The model is potentially valuable beyond the human admixture context. The motivating scenario also applies in naturally occurring admixture when a single visible trait (e.g. coat color, flower color) is regarded as a marker for ancestry in an admixed group (e.g. Alberts and Altmann 2001). Further, the analysis might be relevant to hybrid zones, where decoupling of traits from ancestry or from each other is sometimes observed in populations of heterogeneous ancestry (e.g. den Hartog et al. 2008; Fuzessy et al. 2014). Insights into homogenization of ancestry and phenotypes in admixed populations can also be useful for hybrid speciation, in which sustained positive assortative mating in the admixed population can lead to its reproductive isolation (Mallet 2005; Abbott et al. 2013). For non-human cases, phenomena of interest for model extensions include selective regimes that differ in the admixed and source populations, sex-biased mate choice, and assortative mating on socially learned behavior (e.g. Verzijden et al. 2012; Westerman et al. 2014).

Limitations

Our framework can accommodate various genetic architectures and admixture assumptions, including disassortative mating; however, it has numerous limitations. First, the model does not include sex bias during admixture, a common phenomenon in human admixture processes (Wilkins 2006; Goldberg and Rosenberg 2015; Adhikari et al. 2017; Micheletti et al. 2020). A recent genetic model does allow sex bias, but with no phenotype and with the assortative mating occurring by population membership rather than by admixture level itself (Goldberg et al. 2020).

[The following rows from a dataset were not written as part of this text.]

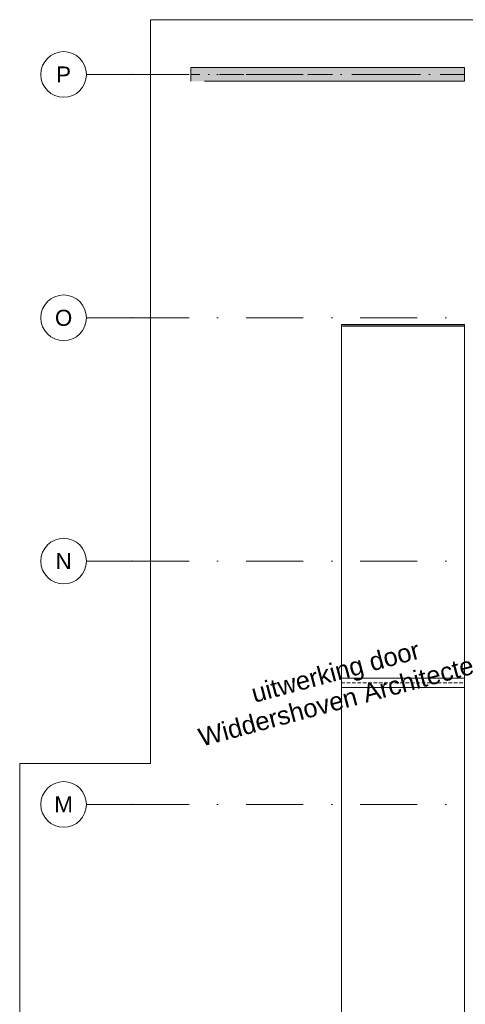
# Model space of a CAD drawing. Header units: millimetres. Extents: x -54205 to 352602, y -8439 to 61516.
# Tile 179 of 189: x 271130 to 280897, y 23353 to 44921. Entities that reach past the tile are written whole.
import ezdxf
from ezdxf.enums import TextEntityAlignment as Align

# ---------------------------------------------------------------- set-up
doc = ezdxf.new("R2010")
doc.units = ezdxf.units.MM
doc.header["$MEASUREMENT"] = 0
for name, pattern in [('streep-punt', [2500, 1250, -625, 0, -625]), ('streep-punt asymmetrisch', [966.67, 533.33, -233.336667, 0.003333, -200]), ('streeplijn ultrafijn', [117.37, 78.119999, -39.250001]), ('Wipeout_Contour', [1000, 0, -1000])]:
    doc.linetypes.add(name, pattern=pattern)
for name, color, linetype in [('New_A-FLOR-____-OTLN.IFC Model', 7, 'Continuous'), ('New_IFC Appartementen', 7, 'Continuous'), ('New_IFC Appartementen Afdek-arcering', 7, 'Continuous'), ('New_Info 1_ 50_100', 7, 'Continuous'), ('New_S-BEAM-____-OTLN.IFC Model', 7, 'Continuous'), ('New_S-BEAM-____-OTLN.IFC Model Afdek-arcering', 7, 'Continuous'), ('Stramien', 7, 'Continuous')]:
    doc.layers.add(name, color=color, linetype=linetype)
doc.styles.add('GENERATED_STYLE_1', font='arial.ttf')
doc.linetypes.add('000 Dikke lijn 1 stippel', pattern='A,0,[4,DO.112 2e Verdieping1.Shx,S=31.746032,R=0,X=0,Y=0],-5000,0', length=5000)

# ---------------------------------------------------------------- blocks, each defined once
blk = doc.blocks.new('Slab_13_2', base_point=(280879, 30396))
at = {"layer": 'New_A-FLOR-____-OTLN.IFC Model', "color": 1, "linetype": 'Continuous', "lineweight": 0, "flags": 128}
blk.add_lwpolyline([(278180, 30396), (278180, 22551), (280879, 22551), (280879, 30396)], dxfattribs=at)
blk = doc.blocks.new('Slab_14_2', base_point=(280879, 38241))
at = {"layer": 'New_A-FLOR-____-OTLN.IFC Model', "color": 1, "linetype": 'Continuous', "lineweight": 0, "flags": 128}
for points in [[(280879, 38241), (278180, 38241), (278180, 30396)], [(280879, 30396), (280879, 38241)]]:
    blk.add_lwpolyline(points, dxfattribs=at)
at = {"layer": 'New_A-FLOR-____-OTLN.IFC Model', "color": 9, "linetype": 'streeplijn ultrafijn', "lineweight": 0, "flags": 128}
blk.add_lwpolyline([(278180, 30396), (280879, 30396)], dxfattribs=at)
blk = doc.blocks.new('Wall_426_2', base_point=(280879, 38211))
at = {"color": 254, "linetype": 'Wipeout_Contour', "lineweight": 0, "ltscale": 842457.930008}
blk.add_wipeout([(278214, 38206), (278204, 38216), (278204, 38206)], dxfattribs=at).dxf.layer = 'New_IFC Appartementen Afdek-arcering'
at = {"color": 254, "linetype": 'Wipeout_Contour', "lineweight": 0, "ltscale": 1128584.887315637}
blk.add_wipeout([(278214, 38206), (280879, 38206), (280879, 38216), (278214, 38216)], dxfattribs=at).dxf.layer = 'New_IFC Appartementen Afdek-arcering'
at = {"layer": 'New_IFC Appartementen', "color": 2, "linetype": 'Continuous', "lineweight": 0, "flags": 128}
blk.add_lwpolyline([(280879, 38216), (280879, 38206)], dxfattribs=at)
at = {"color": 254, "linetype": 'Wipeout_Contour', "lineweight": 0, "ltscale": 842468.34307}
blk.add_wipeout([(278214, 38216), (278204, 38216), (278214, 38206)], dxfattribs=at).dxf.layer = 'New_IFC Appartementen Afdek-arcering'
at = {"layer": 'New_IFC Appartementen', "color": 2, "linetype": 'Continuous', "lineweight": 0, "flags": 128}
for points in [[(278204, 38216), (278204, 38206)], [(280879, 38216), (278204, 38216)], [(278214, 38206), (280879, 38206)]]:
    blk.add_lwpolyline(points, dxfattribs=at)
blk = doc.blocks.new('Wall_427_2', base_point=(280879, 30396))
at = {"layer": 'New_IFC Appartementen', "color": 1, "linetype": 'Continuous', "lineweight": 0, "flags": 128}
for points in [[(280879, 30496), (278180, 30496)], [(278180, 30496), (278180, 30296)], [(280879, 30296), (280879, 30496)], [(278180, 30296), (280879, 30296)]]:
    blk.add_lwpolyline(points, dxfattribs=at)
blk = doc.blocks.new('Standard grid marker_5')
at = {"layer": 'Stramien', "color": 1, "linetype": 'streep-punt', "lineweight": 0}
for p, q in [((1000, 0), (0, 0)), ((1000, 0), (19545, 0)), ((19545, 0), (20545, 0))]:
    blk.add_line(p, q, dxfattribs=at)
at = {"layer": 'Stramien', "color": 2, "linetype": 'Continuous', "lineweight": 0, "flags": 128}
blk.add_lwpolyline([(0, 0, 1), (-1000, 0, 1)], format="xyb", close=True, dxfattribs=at)
at = {"layer": 'Stramien', "color": 1, "linetype": 'streep-punt', "lineweight": 0}
blk.add_point((1000, 0), dxfattribs=at)
blk.add_point((1000, 0), dxfattribs=at)
at = {"layer": 'Stramien', "color": 2, "lineweight": 0, "style": 'GENERATED_STYLE_1'}
blk.add_attdef('AC_MarkerText_1', text='', height=350, dxfattribs=at).set_placement((-500, 175), align=Align.TOP_CENTER)
blk = doc.blocks.new('Beam_33_2', base_point=(280879, 43721))
at = {"layer": 'New_S-BEAM-____-OTLN.IFC Model Afdek-arcering', "linetype": 'Continuous', "lineweight": 0, "true_color": 0xffffff}
blk.add_hatch(color=7, dxfattribs=at).paths.add_polyline_path([(280879, 43571), (280879, 43871), (274883, 43871), (274883, 43571)])
at = {"layer": 'New_S-BEAM-____-OTLN.IFC Model', "color": 1, "linetype": 'Continuous', "lineweight": 0}
for p, q in [((280879, 43871), (274883, 43871)), ((274883, 43871), (274883, 43571)), ((280879, 43871), (280879, 43571)), ((280879, 43571), (275183, 43571))]:
    blk.add_line(p, q, dxfattribs=at)
at = {"layer": 'New_S-BEAM-____-OTLN.IFC Model', "color": 9, "linetype": 'streep-punt asymmetrisch', "lineweight": 0}
blk.add_line((280879, 43721), (274883, 43721), dxfattribs=at)

msp = doc.modelspace()

# ---------------------------------------------------------------- block references
at = {"layer": 'New_A-FLOR-____-OTLN.IFC Model', "color": 1, "linetype": 'Continuous', "lineweight": 0}
for name, p in [('Slab_14_2', (280879.2, 38241.3)), ('Slab_13_2', (280879.2, 30396.3))]:
    msp.add_blockref(name, p, dxfattribs=at)
at = {"layer": 'New_IFC Appartementen', "color": 1, "lineweight": 0}
msp.add_blockref('Wall_427_2', (280879.2, 30396.3), dxfattribs=at)
at = {"layer": 'New_S-BEAM-____-OTLN.IFC Model', "color": 9, "lineweight": 0}
msp.add_blockref('Beam_33_2', (280879.2, 43721.3), dxfattribs=at)
at = {"layer": 'Stramien', "color": 1, "linetype": 'Continuous', "lineweight": 0, "zscale": 1000}
for p, values in [((272592.8, 43721.3), {'AC_MarkerText_1': 'P'}), ((272592.8, 33061.3), {'AC_MarkerText_1': 'N'}), ((272592.8, 27731.3), {'AC_MarkerText_1': 'M'})]:
    msp.add_blockref('Standard grid marker_5', p, dxfattribs=at).add_auto_attribs(values)

# ---------------------------------------------------------------- texts
at = {"layer": 'New_Info 1_ 50_100', "color": 94, "linetype": 'Continuous', "lineweight": 0, "insert": (278266.3, 29833.2), "char_height": 400, "attachment_point": 8, "rotation": 15, "line_spacing_factor": 0.942898, "style": 'GENERATED_STYLE_1'}
msp.add_mtext('\\A1;{\\pqc;\\fArial|b0|i0|c0|p0;\\W1.000000;uitwerking\\fArial|b0|i0|c0|p0;\\W1.000000; door\\P\\pqc;\\fArial|b0|i0|c0|p0;\\W1.000000;Widdershoven Architecten}', dxfattribs=at)

# ---------------------------------------------------------------- next in the draw order: block references
at = {"layer": 'New_IFC Appartementen', "color": 1, "lineweight": 0}
msp.add_blockref('Wall_426_2', (280879.2, 38211.3), dxfattribs=at)

# ---------------------------------------------------------------- next in the draw order: linework, layer by layer
at = {"layer": 'New_Info 1_ 50_100', "color": 94, "linetype": '000 Dikke lijn 1 stippel', "lineweight": 0}
msp.add_lwpolyline([(274000.7, 15706.9), (277380.2, 15706.9), (277380.2, 14271.3), (282274.2, 14271.3), (282274.2, 44921.3), (274000.7, 44921.3), (274000.7, 28631.3), (271130.2, 28631.3), (271130.2, 21751.3), (274000.7, 21751.3)], close=True, dxfattribs=at)

# ---------------------------------------------------------------- next in the draw order: block references
at = {"layer": 'Stramien', "color": 1, "linetype": 'Continuous', "lineweight": 0, "zscale": 1000}
msp.add_blockref('Standard grid marker_5', (272592.8, 38391.3), dxfattribs=at).add_auto_attribs({'AC_MarkerText_1': 'O'})

doc.saveas('drawing.dxf')

We have also modeled individual admixture as the mean of parental admixture levels. Stochasticity during genetic transmission is not considered, nor is the finiteness of chromosomes; our approach amounts to assuming that the genome contains infinitely many independent segments. Thus, “genetic” admixture in our model measures idealized genealogical ancestry, assuming an equal mixture of ancestors from a specified number of generations in the past. This choice is reasonable in early stages of an admixture process (Gravel 2012), after which it will be informative to model the distinction between genealogical and genetic ancestry.

Our simulations give each mating pair equally many offspring, so that variance in reproductive success is not considered. More generally, the expected number of offspring is independent of genotype and phenotype, so that no natural selection occurs. Mating pairs are drawn with replacement, permitting individuals to be included in multiple mating pairs; thus, we allow a form of non-monogamous mating. Although any particular mating pair is unlikely to be a pair of close relatives, such pairs, even sibs, are permissible.

We have examined only a univariate trait, and our trait model does not incorporate dominance, spatial positioning of trait loci along a genome, variable effect sizes across trait loci, epistasis, environmental effects and consequent varying heritability in the phenotype, or genotype-by-environment interaction. As assortative mating in humans often operates on sociocultural traits (Kalmijn 1998; Watson et al. 2004; Rosenfeld 2008; Schwartz 2013), the latter pair of limitations might be particularly important for human data.

Conclusions: Consequences of the Decoupling of Ancestry and Phenotype

In the children’s story “The Sneetches,” two sympatric populations of the titular fictional species differ by a polymorphic physical marking that appears in members of one but not the other population. The Star-Belly Sneetches possess a star-shaped abdominal marking; the Plain-Belly Sneetches do not (Geisel 1961). Through a multi-stage process in which the mark is repeatedly added and removed from individual Sneetches, phenotypes of individuals are shuffled in relation to initial population membership, “Until neither the Plain nor the Star-Bellies knew/Whether this one was that one... or that one was this one/Or which one was what one... or what one was who.”

Our study was motivated partly by a hypothesis of Parra et al. (2003) claiming that in humans, assortative mating by color in Brazil could eventually decouple color from ancestry, so that subpopulations with distinct color could eventually possess similar African ancestry. We have seen not only that assortative mating by a quantitative trait that differs between source populations can decouple the phenotype from the ancestry, but that random mating can decouple the phenotype from ancestry even faster. In an admixed population with assortative mating that is affected by a visible genetically influenced phenotype (such as color in Parra et al. (2003)), mating by many other genetically influenced phenotypes is random or less strongly assortative. Thus, in an admixed population, we might expect that among traits to which genotypes contribute, those with little influence on mating behavior will decouple from ancestry most rapidly. Traits on which assortment does occur, such as color in the Brazil scenario, will be the slowest to decouple from ancestry—but under our model, they eventually will do so. Thus, in an admixed population, phenotypes that once reflected ancestry in the source populations might no longer be predictive of ancestry after sufficient time has passed.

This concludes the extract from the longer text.